De beroepscommissie als bedoeld in artikel 69, tweede lid, van de Penitentiaire beginselenwet (Pbw) heeft kennisgenomen van een bij het secretariaat van de Raad ingekomen beroepschrift van […], verder te noemen klager, gericht tegen een uitspraak van 7 juni 2018 van de alleensprekende beklagrechter bij de penitentiaire inrichting (p.i.) Nieuwegein alsmede van de overige stukken, waaronder de uitspraak waarvan beroep, die in afschrift aan deze uitspraak is gehecht. De beroepscommissie heeft de directeur van voormelde p.i. in de gelegenheid gesteld schriftelijk te reageren op het beroep en klager om het beroep schriftelijk toe te lichten.
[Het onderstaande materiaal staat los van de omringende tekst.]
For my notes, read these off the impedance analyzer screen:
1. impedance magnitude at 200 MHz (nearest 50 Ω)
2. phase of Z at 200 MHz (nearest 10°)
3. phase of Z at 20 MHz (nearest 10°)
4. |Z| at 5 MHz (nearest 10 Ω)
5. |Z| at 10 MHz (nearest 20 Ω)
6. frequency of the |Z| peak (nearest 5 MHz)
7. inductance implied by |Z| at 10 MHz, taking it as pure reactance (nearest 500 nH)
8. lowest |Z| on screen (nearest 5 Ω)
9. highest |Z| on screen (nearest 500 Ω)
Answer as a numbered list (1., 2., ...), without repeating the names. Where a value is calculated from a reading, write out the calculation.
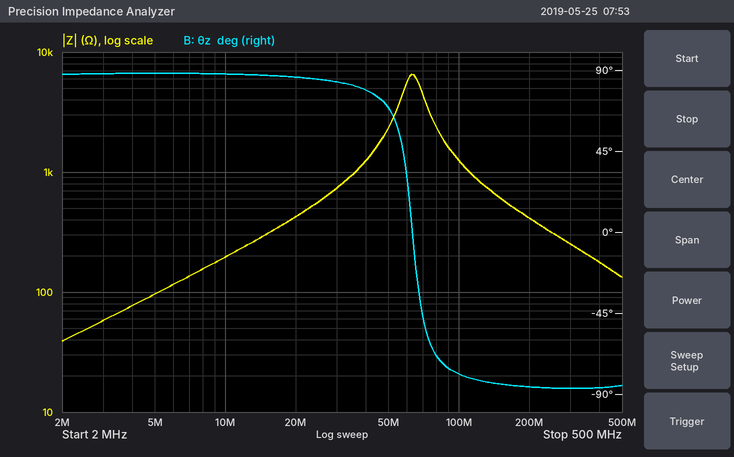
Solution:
1. 400 Ω
2. -90°
3. 90°
4. 100 Ω
5. 200 Ω
6. 65 MHz
7. L = 200 Ω/(2π × 10 MHz) ≈ 3.18 µH, so 3.0 µH to the nearest 500 nH
8. 40 Ω
9. 6.5 kΩ

Op grond van haar onderzoek overweegt en beslist de beroepscommissie als volgt:

1.         De inhoud van het beklag en de uitspraak van de beklagrechter

Het beklag betreft het niet voortvarend handelen van de casemanager ten aanzien van klagers aanvraag voor algemeen verlof (NM2017-1120) De beklagrechter heeft het beklag ongegrond verklaard op de gronden als in de aangehechte uitspraak weergegeven.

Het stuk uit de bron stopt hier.